Saul laughed out loud.
“Reason with them? You really can’t see what you’re like right now, can you?”
I took offense.
“What do you mean?”
“You’re high, dude. On blood. About as high as I’ve seen anyone. Which has probably to do with the fact that you’re a warlock. …Now that I think about it.”
But I felt perfectly amazing. And amazingly perfect.
“Just because I don’t cry about every little thing…” I tried to retort but Saul put a quick end to it.
“Either way, I can’t let you go. For your safety and mine. At the very least we need a plan. Even if it’s a diplomatic one.”
Then something so vile got into my nose that it got me ready to throw up right onto that dusty carpet.
“What the hell is that?” I cried, dropping to my knees.
Saul jumped up, fists at the ready. He looked in all directions.
“What?”
“That smell…? God damn, it stinks.”
Saul sniffed the air, but only sneezed as a result.
“What are you talking about? It’s…” He stopped, realizing something. “What does it smell like?”
“I don’t know. Like the kind of garbage garbage would produce.”
“We have to go.”
Without any further explanation, he grabbed from my shoulders and turned us again into wind. …For a moment or so. Between those trees, something slammed into us, bringing us to crash against a large tree-trunk.
Saul was up right away, fists again at the ready, but it took me a moment longer to figure out which way it was to the sky and which to ground.
“Quiet!” A new voice whisper-called. He was looking at the distance, not to me or Saul, but we were certainly staring only at him. He was a tank of a man. Very tall. Very broad. He had long hair and a trimmed beard. All put together, we might have as well been watching a Viking in action.
“It’s you!” Saul called, disgust in his voice. “The hell…?”
“Quiet!” The Viking whispered again. He pointed to the trees around us. “They know about the cabin. It’s being surrounded.”
“Yeah! I figured that out…”
“Not vampires. Witches. And they brought werewolves.”
That felt like about the right time for me to open my mouth.
“Aren’t werewolves supposed to be dead?”
The Viking gave me a pitting look. “This’ the one?” He looked at Saul. “We have to ditch him!”

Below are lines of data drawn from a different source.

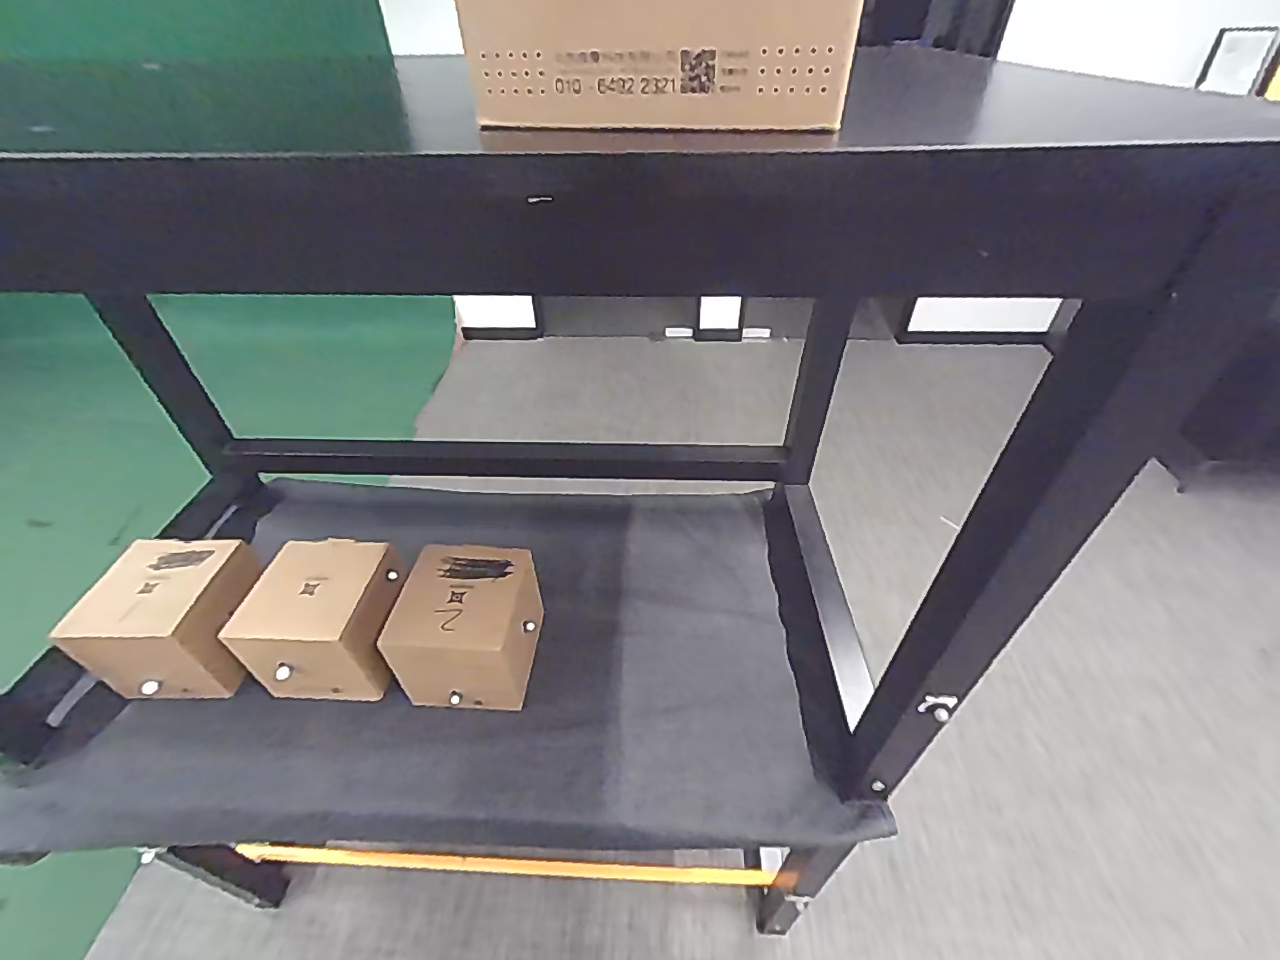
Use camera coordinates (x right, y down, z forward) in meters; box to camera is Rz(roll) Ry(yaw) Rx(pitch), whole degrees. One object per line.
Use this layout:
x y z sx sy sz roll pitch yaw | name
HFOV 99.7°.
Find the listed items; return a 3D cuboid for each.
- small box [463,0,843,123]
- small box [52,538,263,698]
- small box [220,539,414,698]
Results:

I jumped up, about to give that huge bastard a piece of my mind, but Saul beat me to it.
“If anyone’s getting ditched here, it’s you, Pierce! What the hell are you doing here anyway?”
Pierce peeked around the tree, answering Saul very matter-of-factly. “Saving your ass… As always. We have to go up.”

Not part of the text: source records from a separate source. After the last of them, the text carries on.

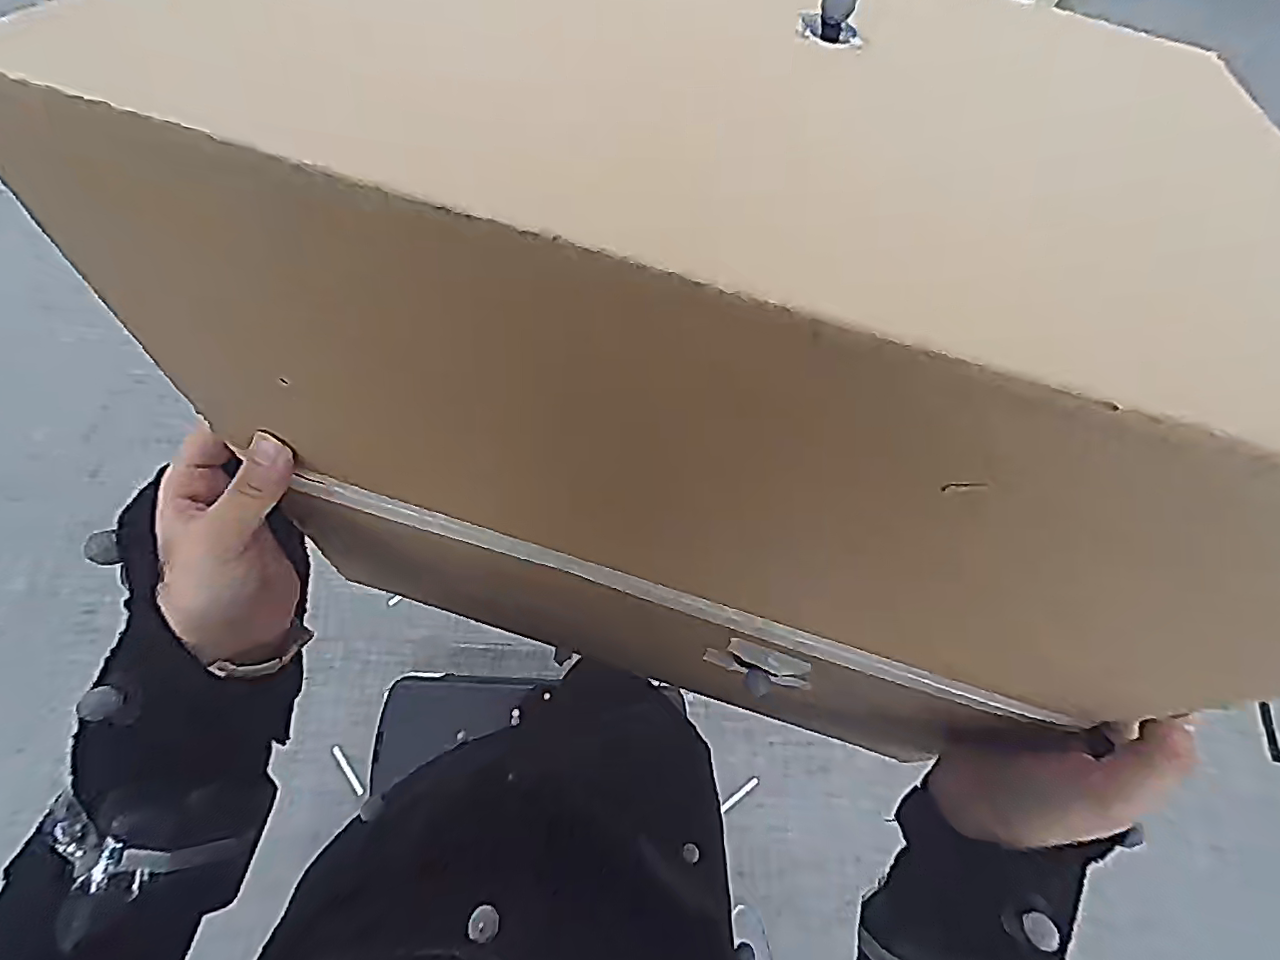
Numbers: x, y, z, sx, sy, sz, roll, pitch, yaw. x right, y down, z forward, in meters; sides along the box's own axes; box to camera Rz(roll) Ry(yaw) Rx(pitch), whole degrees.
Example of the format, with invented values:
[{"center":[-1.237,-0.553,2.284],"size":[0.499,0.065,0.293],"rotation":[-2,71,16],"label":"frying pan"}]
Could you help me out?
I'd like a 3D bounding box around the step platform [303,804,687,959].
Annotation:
[{"center":[-0.253,0.842,1.032],"size":[0.684,0.204,0.286],"rotation":[10,71,-2],"label":"step platform"}]

And he started climbing the tree before him.
Saul turned to me and took a deep, anger releasing breath.
“Who is he?” I asked, truthfully more concerned about my tree-climbing skills than some random guy’s identity.

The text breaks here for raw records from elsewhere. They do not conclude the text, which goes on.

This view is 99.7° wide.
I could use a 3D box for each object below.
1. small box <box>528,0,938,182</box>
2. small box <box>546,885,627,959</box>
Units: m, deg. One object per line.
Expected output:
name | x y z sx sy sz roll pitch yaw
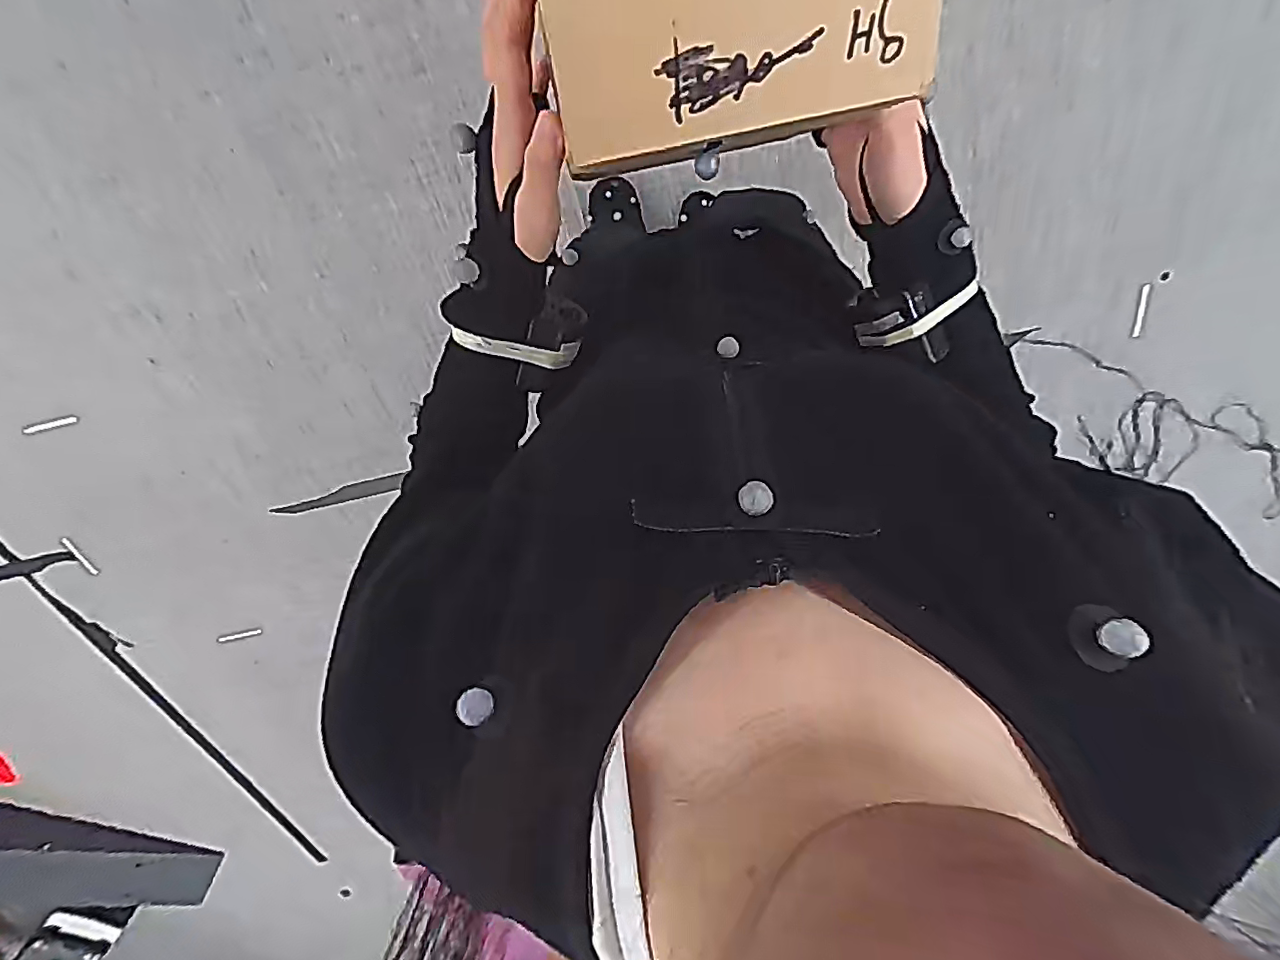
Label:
small box | 0.024 -0.263 0.267 0.168 0.176 0.179 -12 117 1
small box | -0.120 1.100 1.279 0.168 0.176 0.179 -9 119 1

“My brother in law. It’s a long story.” He turned around, sighing. “Come on then! Hop on!”
I couldn’t help but laugh.
“You want me to ride on your back?”
“Want is a strong word. But I do want us to live. And what we’re about to do, you don’t know how!”
I laughed some more and did climb on his back. And up the tree we went like a couple of spiders. And when at the top, we jumped. And for a moment we were the wind, and then we were at the top of another tree.
Getting flashbacks from a childhood trip to an amusement park, I sat back with a smile on my face while Saul groaned a cursed when getting slapped by the branches as we made our way through the forest. I wasn’t sure where we were heading to, but I was certainly having a blast getting there.